JPMorgan's first quarter profits plunged 19% year-on-year after the Wall Street giant stumped up billions of dollars in regulatory settlements and fees and tussled with market uncertainty over the global economic recovery.
JPM revealed in its latest financial results statement that net income fell to $5.27bn (£3.2bn, €3.8bn), from $6.53bn in the same quarter last year.
However, JPM's leader Jamie Dimon said that some of the biggest regulatory scandals are behind the bank and they are progressing well with existing litigation issues.
"We are pleased to have made progress on our control, regulatory and litigation agendas and to have put some significant issues behind us this quarter," said Dimon.
"We reached several important resolutions – Global RMBS (mortgages), Gibbs & Bruns, and Madoff. It was in the best interests of our company and shareholders for us to accept responsibility, resolve these issues and move forward.

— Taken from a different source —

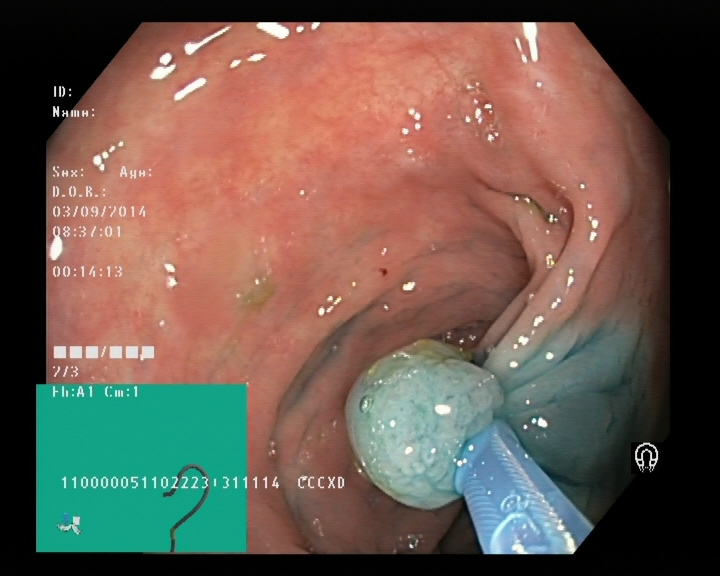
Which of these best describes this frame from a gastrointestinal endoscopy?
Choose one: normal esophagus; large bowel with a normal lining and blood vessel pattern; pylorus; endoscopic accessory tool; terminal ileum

endoscopic accessory tool

"I am proud of this Company, our employees and what we do every day to serve our clients, customers and communities. We are increasingly optimistic about the future of the U.S. economy and will continue to do our part to support growth, economic development and the creation of new jobs around the world."
Raft of Litigation Issues
JPM has faced a raft of investigations and lawsuits over a range of areas for the last few years however 2013 and the start of 2014 marked one of the most costly periods for the bank.
In January this year, US authorities announced that JPM will pay more than $2bn of penalties to settle charges by US federal authorities that it failed to report suspicious activity involving Bernard Madoff's Ponzi scheme.
The $2bn sum includes the largest forfeiture a bank has ever had to pay to resolve anti-money laundering violations.
As part of the deal, JPMorgan is admitting to a laundry list of failures to explore red flags it found. This led to the government's conclusion that it violated laws requiring it to monitor customer activity for money laundering during its two-decade relationship with Madoff, authorities said.
In November 2013, JPM pledged to pay the largest ever amount by a public company to settle lawsuits with regulators, after the bank admitted wrongdoing in selling poor-quality mortgage-backed securities to state-controlled firms.
JPM said it will pay the $13bn fine to the government, in order to settle claims that it misrepresented the quality of its mortgage assets in the lead up to the financial crisis.
The deal includes a $4bn relief package with US Department of Housing and Urban Development, and a $4bn settlement with the Federal Housing Finance Agency, which manages government mortgage financing companies Fannie Mae and Freddie Mac.
However, the US Department of Justice said that the settlement does not clear JPM or its employees from any possible criminal charges.
The bank has recently been suffering from high costs related to a number of lawsuits. In October, JPMorgan set aside $23bn to cover litigation expenses.